Determine the length of a mathematical pendulum that makes one complete oscillation in 2 s

Determine the length of a mathematical pendulum that makes one complete oscillation in 2 s, if the acceleration due to gravity is 9.81 m / s2 How many times must the length of the pendulum be changed in order for its frequency to double?

T1 = 2 s.

g = 9.81 m / s2.

v2 = 2 * v1.

L1 -?

L2 / L1 -?

The time of one full swing is called the swing period T.

The period of the mathematical pendulum T is determined by the formula: T = 2 * п * √L / √g, where п is the number pi, L is the length of the pendulum, g is the acceleration of gravity.

T1 = 2 * п * √L1 / √g.

T12 = 4 * п^2 * L1 / g.

L1 = g * T1^2 / 4 * п^2.

L1 = 9.81 m / s2 * (2 s) ^ 2/4 * (3.14) ^ 2 = 0.994 m.

The frequency of oscillations v is the number of oscillations per unit of time, this value is inverse to the oscillation period T: v = 1 / T.

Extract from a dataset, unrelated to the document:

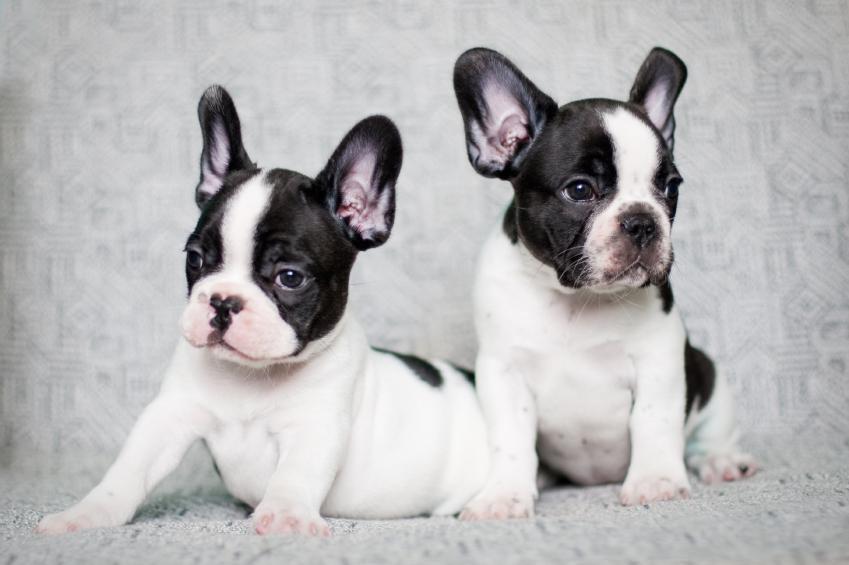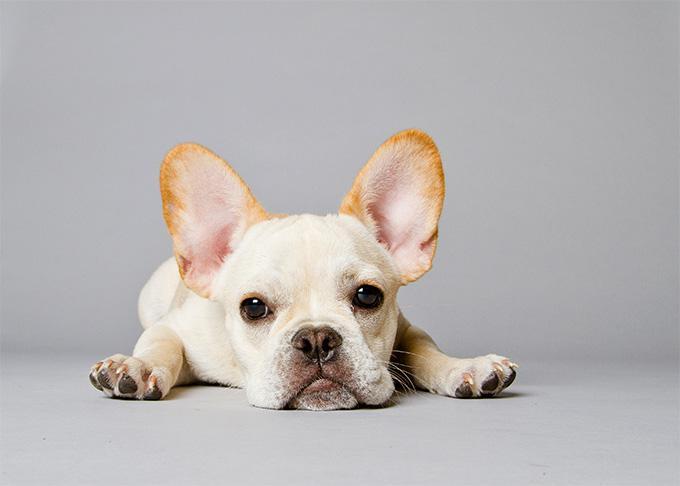The first image is the image on the left, the second image is the image on the right. For the images shown, is this caption "There is one dog lying on its stomach in the image on the right." true? Answer yes or no. Yes.

v1 = 1 / T1 = √g / 2 * P * √L1.

v2 = 1 / T2 = √g / 2 * P * √L2.

√g / 2 * P * √L2 = 2 * √g / 2 * P * √L1.

1 / √L2 = 2 / √L1.

1 / L2 = 4 / L1.

L2 = L1 / 4.

Answer: the mathematical pendulum has a length L1 = 0.994 m, its length must be reduced by 4 times: L2 = L1 / 4.